Демин удивленно посмотрел на Хромова и примирительно сказал:
— Ну извини, дядя Игнат.
— То‑то и оно, — успокоился Хромов.
«Вот и устанавливаются новые взаимоотношения», — подумал Колчанов. Разговор сигнальщиков порадовал его тем, что оба они в общем‑то за порядок. И все опасения Колчанова по поводу того, что трудно будет поддерживать на корабле дисциплину, неожиданно для него самого рассеялись. Ему вдруг стало легко, захотелось сказать этим людям хорошие, добрые слова, но таких простых, как у них, слов он не находил, а лезли все какие‑то гладкие и холодные, из лексикона кают — компании. «Выходит, и мне у этих людей надо учиться», — с удивлением отметил он.
Теперь он внимательно прислушивался к разговорам и поэтому не сразу заметил, как резко упали обороты машин. А когда обнаружил, встревожился и, выдернув из переговорной трубы свисток, спросил машинное отделение:
— Что случилось?
— Давление пара упало.
Запросил котельное. Оттуда ответили:
— Коллектор пробило.
— Останавливайте котел, — приказал Колчанов и тотчас перевел рукоятку машинного телеграфа на «Самый малый».
Корабль сбавил ход, и море начало трепать его еще сильнее. Крен достигал двадцати градусов, невозможно стало держаться на ногах, Колчанов вцепился в поручень. Из котельного отделения не доложили, сколько трубок пробило в коллекторе и можно ли их заглушить. Вероятно, для выяснения этого необходимо какое‑то время, и Колчанов не торопил с докладом. Но через полчаса запросил котельное. Оттуда почему‑то никто не ответил. Выждав еще минуты две, запросил снова, и опять не ответили.
— Что они там, уснули? Демин, пойдите узнайте, в чем там дело.!
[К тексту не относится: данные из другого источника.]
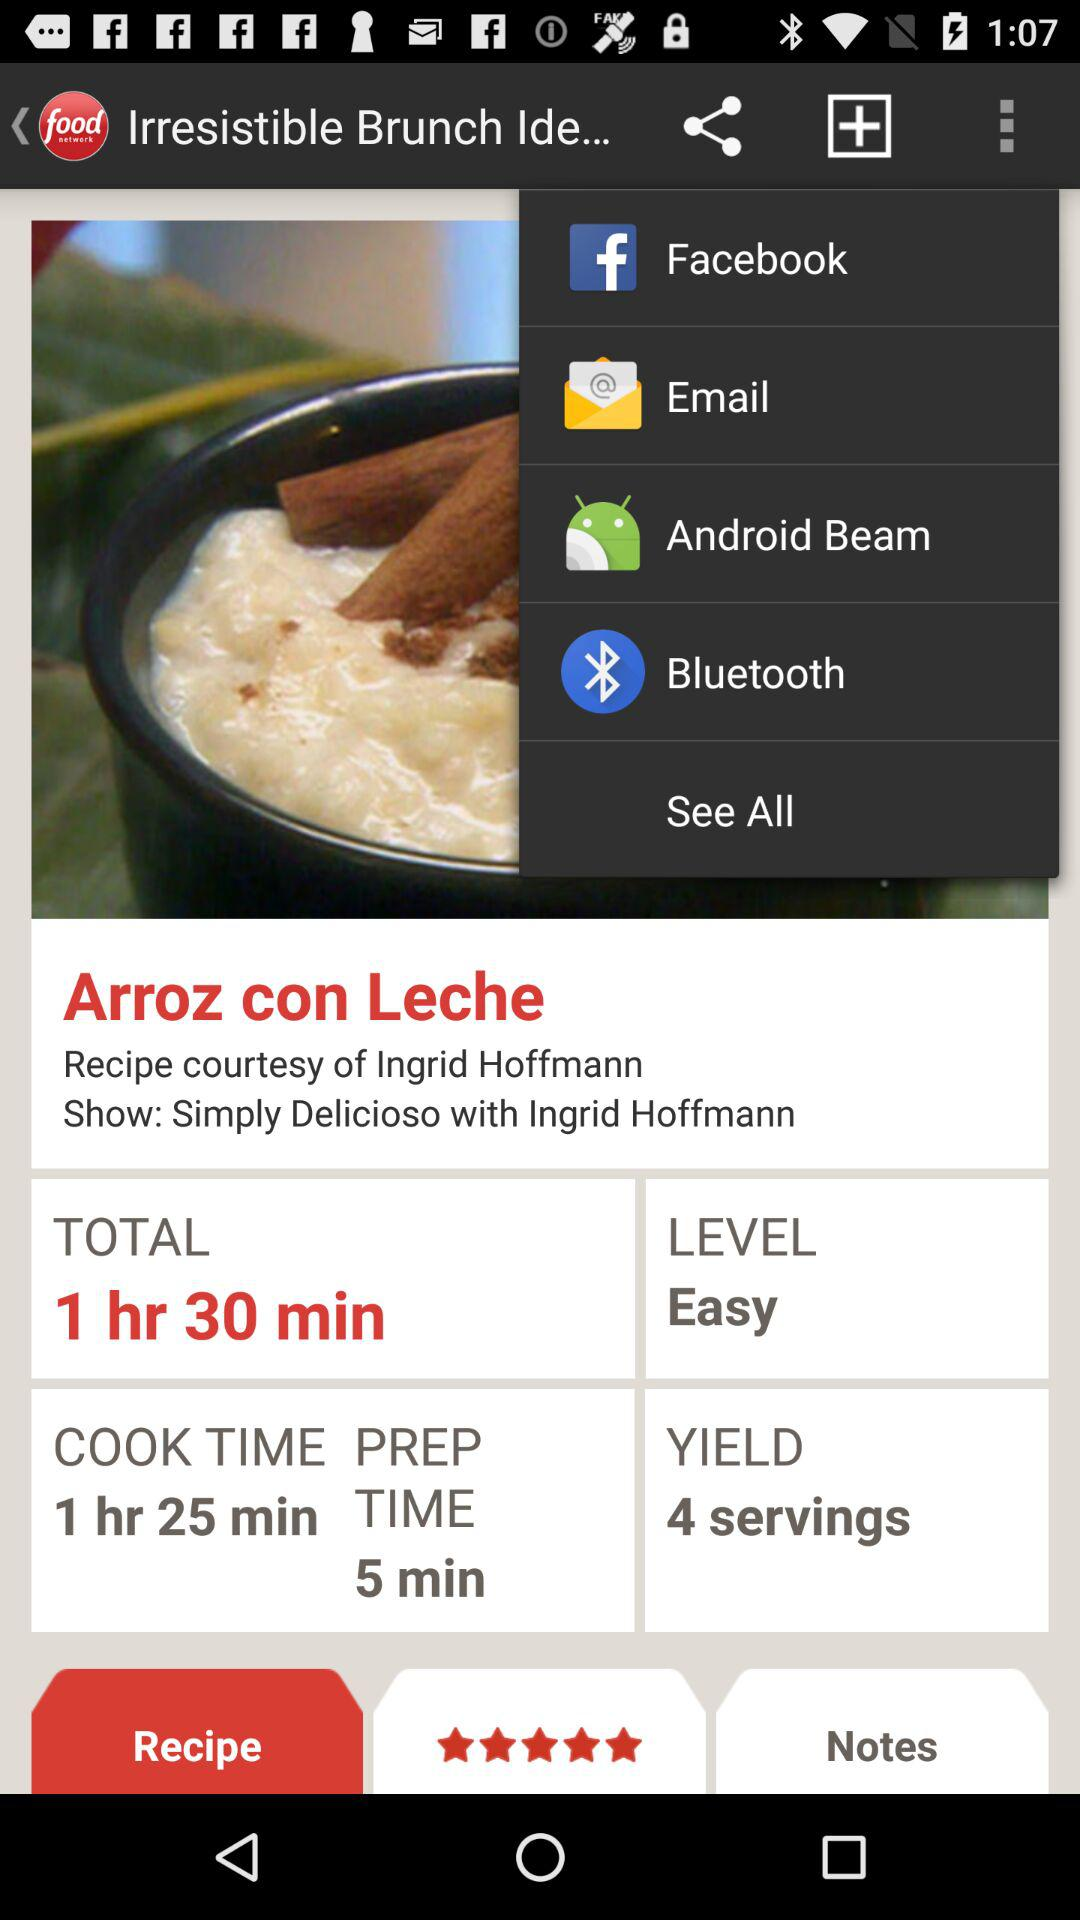What is the current level? The current level is easy.

Демин ушел и как в воду канул. Прошло еще минут двадцать, а котельное на запросы не отвечало…
Наконец появился Демин:
— Там такое творится! Да вот комиссар расскажет. — Он кивнул на поднимавшегося следом за ним Заикина.
— Подгадили все‑таки нам господа офицеры, — сказал Заикин.
— А что такое? — встревожился Колчанов.
— Пустили в котлы забортную воду. Соленую. Вот и полетели трубки.
— Но ведь мы стояли в Неве, откуда там соленая вода?
— Это сделано раньше, до перехода в Петроград, а теперь вот сказалось. Как мы тогда до Петрограда дошли, могли бы и не дойти.
— Но кому и как удалось это сделать? В котельном отделении все время вахтенный, он не мог не заметить появления там любого офицера, тем более что, кроме механика, туда почти никто из офицеров никогда не спускался.
— Вот и мы с механиком так же подумали. — Заикин рукавом вытер со лба пот.
— И что же?
— Решили, что это мог сделать только сам вахтенный.
— Допустим. Но как узнать, кто именно? — спросил Колчанов.
— Ну, эту загадку мы отгадали быстро. Взяли список нарядов и сопоставили с записями в вахтенном журнале. Сразу обнаружили несоответствие: двадцать четвертого октября дежурил — Бес- караваев, а в журнале подделана подпись Желудько. Расчет верный: Желудько был связан с эсерами, подозрение в первую очередь падет на него.
— Значит, Бескараваев?
— Он.
— Такой тихий, старательный матрос. Никогда бы на него не подумал.
— В тихом‑то болоте черти водятся.
— Признался?
— Сначала отпирался, а когда запись в журнале показали, сознался. Говорит, старший офицер приказал. Я, дескать, не знал, для чего это. Врет, сволочь, знал! Ну, помяли ему немного бока, чуть за борт не скинули, нам с механиком едва удалось отбить его у матросов. Заперли в карцер.
— Проследите, чтобы самосуд не учинили.
— Выставили в охрану надежных ребят, не допустят. А судить будем по закону.
— Хорошо, — согласился Колчанов и спросил: — А как ведет себя Желудько?
— Желудько парень честный, хотя и заблуждался. Дивизионный врач Сивков ему мозги замутил. Ничего, прочистим, добрый матрос выйдет!
— Как говорится, дай бог. Остальные котлы работают нормально?.
— Боюсь, как бы и они не вышли из строя.